Extracted information
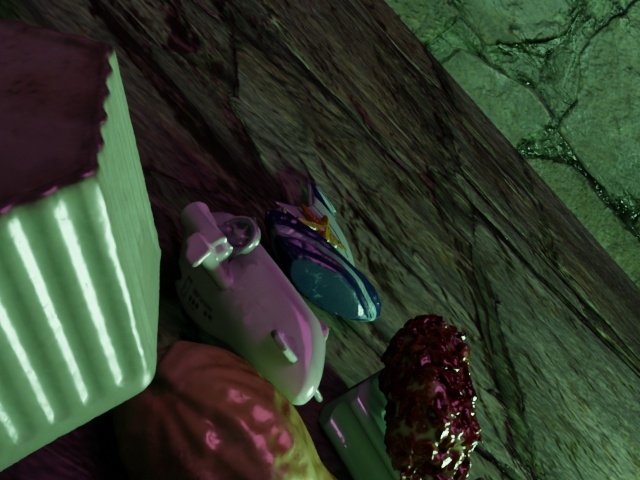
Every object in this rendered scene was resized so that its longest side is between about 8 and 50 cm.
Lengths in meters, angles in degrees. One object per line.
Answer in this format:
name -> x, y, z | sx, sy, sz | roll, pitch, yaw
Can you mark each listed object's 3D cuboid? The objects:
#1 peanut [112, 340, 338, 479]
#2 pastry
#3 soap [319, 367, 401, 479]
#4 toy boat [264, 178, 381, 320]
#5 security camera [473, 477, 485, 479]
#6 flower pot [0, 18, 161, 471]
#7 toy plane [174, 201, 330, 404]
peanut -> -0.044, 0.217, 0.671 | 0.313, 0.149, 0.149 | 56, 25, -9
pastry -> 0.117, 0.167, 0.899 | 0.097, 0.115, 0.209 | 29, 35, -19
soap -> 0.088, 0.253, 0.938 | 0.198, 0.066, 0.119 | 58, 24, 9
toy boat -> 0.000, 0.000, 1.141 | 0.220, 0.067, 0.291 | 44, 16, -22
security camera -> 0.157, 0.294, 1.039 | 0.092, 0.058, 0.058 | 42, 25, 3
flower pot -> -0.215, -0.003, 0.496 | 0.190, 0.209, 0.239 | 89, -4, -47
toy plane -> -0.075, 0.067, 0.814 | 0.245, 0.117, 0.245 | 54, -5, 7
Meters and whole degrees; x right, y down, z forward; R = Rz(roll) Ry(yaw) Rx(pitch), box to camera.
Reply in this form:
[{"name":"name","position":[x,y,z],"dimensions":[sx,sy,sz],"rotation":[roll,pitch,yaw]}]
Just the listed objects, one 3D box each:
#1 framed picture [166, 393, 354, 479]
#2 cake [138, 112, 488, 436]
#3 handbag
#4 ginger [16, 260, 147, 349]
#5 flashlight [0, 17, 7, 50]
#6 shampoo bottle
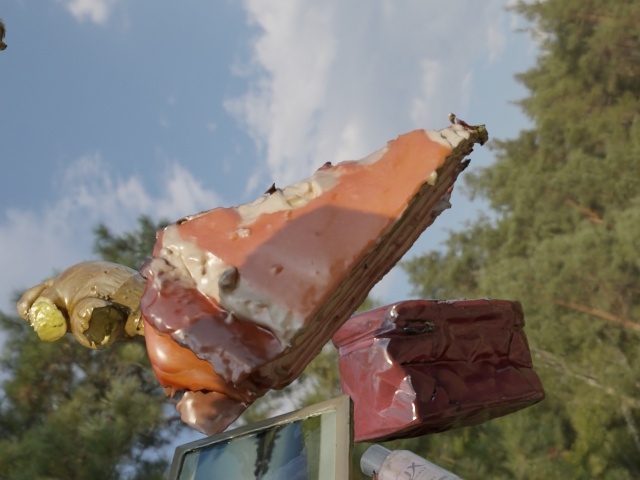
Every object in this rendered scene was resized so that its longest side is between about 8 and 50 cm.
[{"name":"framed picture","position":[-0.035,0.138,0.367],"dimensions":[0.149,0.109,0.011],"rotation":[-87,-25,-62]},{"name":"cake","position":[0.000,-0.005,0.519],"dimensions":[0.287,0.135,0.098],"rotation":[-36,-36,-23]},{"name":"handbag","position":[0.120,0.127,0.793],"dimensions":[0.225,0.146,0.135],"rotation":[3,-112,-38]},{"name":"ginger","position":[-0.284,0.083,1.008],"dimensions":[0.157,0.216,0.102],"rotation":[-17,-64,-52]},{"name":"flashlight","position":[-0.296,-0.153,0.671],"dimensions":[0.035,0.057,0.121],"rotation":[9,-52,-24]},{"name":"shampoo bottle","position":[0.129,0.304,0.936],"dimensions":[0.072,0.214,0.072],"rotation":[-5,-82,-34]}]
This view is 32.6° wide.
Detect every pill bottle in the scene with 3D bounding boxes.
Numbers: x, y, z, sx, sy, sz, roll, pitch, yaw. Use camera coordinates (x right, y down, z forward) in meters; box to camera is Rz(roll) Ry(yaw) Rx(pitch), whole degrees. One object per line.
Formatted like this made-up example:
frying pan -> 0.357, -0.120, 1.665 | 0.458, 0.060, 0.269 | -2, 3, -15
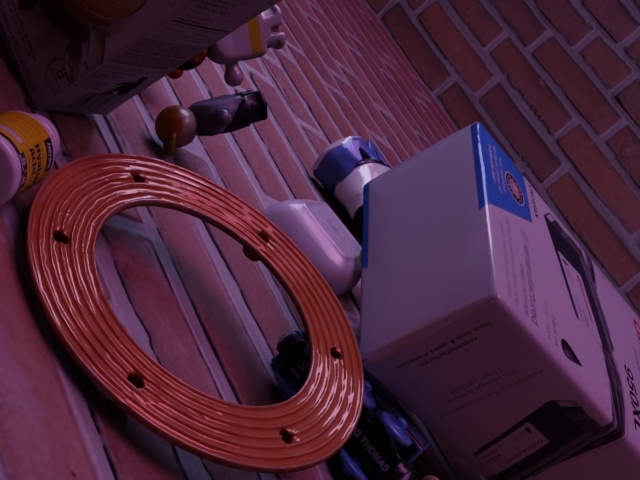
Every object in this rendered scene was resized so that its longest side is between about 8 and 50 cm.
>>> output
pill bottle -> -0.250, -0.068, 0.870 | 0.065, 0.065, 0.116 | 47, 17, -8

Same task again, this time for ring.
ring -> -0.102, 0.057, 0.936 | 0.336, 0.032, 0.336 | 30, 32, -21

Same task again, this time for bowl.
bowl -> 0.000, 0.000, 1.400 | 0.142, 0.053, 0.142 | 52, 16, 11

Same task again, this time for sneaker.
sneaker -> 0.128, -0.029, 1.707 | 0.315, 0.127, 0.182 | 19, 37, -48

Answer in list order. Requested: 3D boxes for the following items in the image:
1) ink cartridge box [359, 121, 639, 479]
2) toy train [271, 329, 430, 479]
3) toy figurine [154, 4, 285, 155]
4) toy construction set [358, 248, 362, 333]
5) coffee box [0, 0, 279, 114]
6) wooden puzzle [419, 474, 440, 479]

About this task
Transcribe all of the entries word for word, but skip any pictures they contain.

Task answer
Every object in this rendered scene was resized so that its longest side is between about 8 and 50 cm.
Lengths in meters, angles in degrees. One object per line.
Answer in this format:
name -> x, y, z | sx, sy, sz | roll, pitch, yaw
Can you mark each listed object's 3D cuboid? The objects:
#1 peanut [112, 340, 338, 479]
#2 pastry
#3 soap [319, 367, 401, 479]
#4 toy boat [264, 178, 381, 320]
#5 security camera [473, 477, 485, 479]
#6 flower pot [0, 18, 161, 471]
#7 toy plane [174, 201, 330, 404]
peanut -> -0.044, 0.217, 0.671 | 0.313, 0.149, 0.149 | 56, 25, -9
pastry -> 0.117, 0.167, 0.899 | 0.097, 0.115, 0.209 | 29, 35, -19
soap -> 0.088, 0.253, 0.938 | 0.198, 0.066, 0.119 | 58, 24, 9
toy boat -> 0.000, 0.000, 1.141 | 0.220, 0.067, 0.291 | 44, 16, -22
security camera -> 0.157, 0.294, 1.039 | 0.092, 0.058, 0.058 | 42, 25, 3
flower pot -> -0.215, -0.003, 0.496 | 0.190, 0.209, 0.239 | 89, -4, -47
toy plane -> -0.075, 0.067, 0.814 | 0.245, 0.117, 0.245 | 54, -5, 7
Meters and whole degrees; x right, y down, z forward; R = Rz(roll) Ry(yaw) Rx(pitch), box to camera.
Reply in this form:
[{"name":"name","position":[x,y,z],"dimensions":[sx,sy,sz],"rotation":[roll,pitch,yaw]}]
Just the listed objects, one 3D box each:
#1 framed picture [166, 393, 354, 479]
#2 cake [138, 112, 488, 436]
#3 handbag
#4 ginger [16, 260, 147, 349]
#5 flashlight [0, 17, 7, 50]
#6 shampoo bottle
Every object in this rendered scene was resized so that its longest side is between about 8 and 50 cm.
[{"name":"framed picture","position":[-0.035,0.138,0.367],"dimensions":[0.149,0.109,0.011],"rotation":[-87,-25,-62]},{"name":"cake","position":[0.000,-0.005,0.519],"dimensions":[0.287,0.135,0.098],"rotation":[-36,-36,-23]},{"name":"handbag","position":[0.120,0.127,0.793],"dimensions":[0.225,0.146,0.135],"rotation":[3,-112,-38]},{"name":"ginger","position":[-0.284,0.083,1.008],"dimensions":[0.157,0.216,0.102],"rotation":[-17,-64,-52]},{"name":"flashlight","position":[-0.296,-0.153,0.671],"dimensions":[0.035,0.057,0.121],"rotation":[9,-52,-24]},{"name":"shampoo bottle","position":[0.129,0.304,0.936],"dimensions":[0.072,0.214,0.072],"rotation":[-5,-82,-34]}]
This view is 32.6° wide.
Detect every pill bottle in the scene with 3D bounding boxes.
Numbers: x, y, z, sx, sy, sz, roll, pitch, yaw. Use camera coordinates (x right, y down, z forward) in meters; box to camera is Rz(roll) Ry(yaw) Rx(pitch), whole degrees. One object per line.
Formatted like this made-up example:
frying pan -> 0.357, -0.120, 1.665 | 0.458, 0.060, 0.269 | -2, 3, -15
Every object in this rendered scene was resized so that its longest side is between about 8 and 50 cm.
>>> output
pill bottle -> -0.250, -0.068, 0.870 | 0.065, 0.065, 0.116 | 47, 17, -8

Same task again, this time for ring.
ring -> -0.102, 0.057, 0.936 | 0.336, 0.032, 0.336 | 30, 32, -21

Same task again, this time for bowl.
bowl -> 0.000, 0.000, 1.400 | 0.142, 0.053, 0.142 | 52, 16, 11

Same task again, this time for sneaker.
sneaker -> 0.128, -0.029, 1.707 | 0.315, 0.127, 0.182 | 19, 37, -48

Answer in list order. Requested: 3D boxes for the following items in the image:
1) ink cartridge box [359, 121, 639, 479]
2) toy train [271, 329, 430, 479]
3) toy figurine [154, 4, 285, 155]
4) toy construction set [358, 248, 362, 333]
5) coffee box [0, 0, 279, 114]
6) wooden puzzle [419, 474, 440, 479]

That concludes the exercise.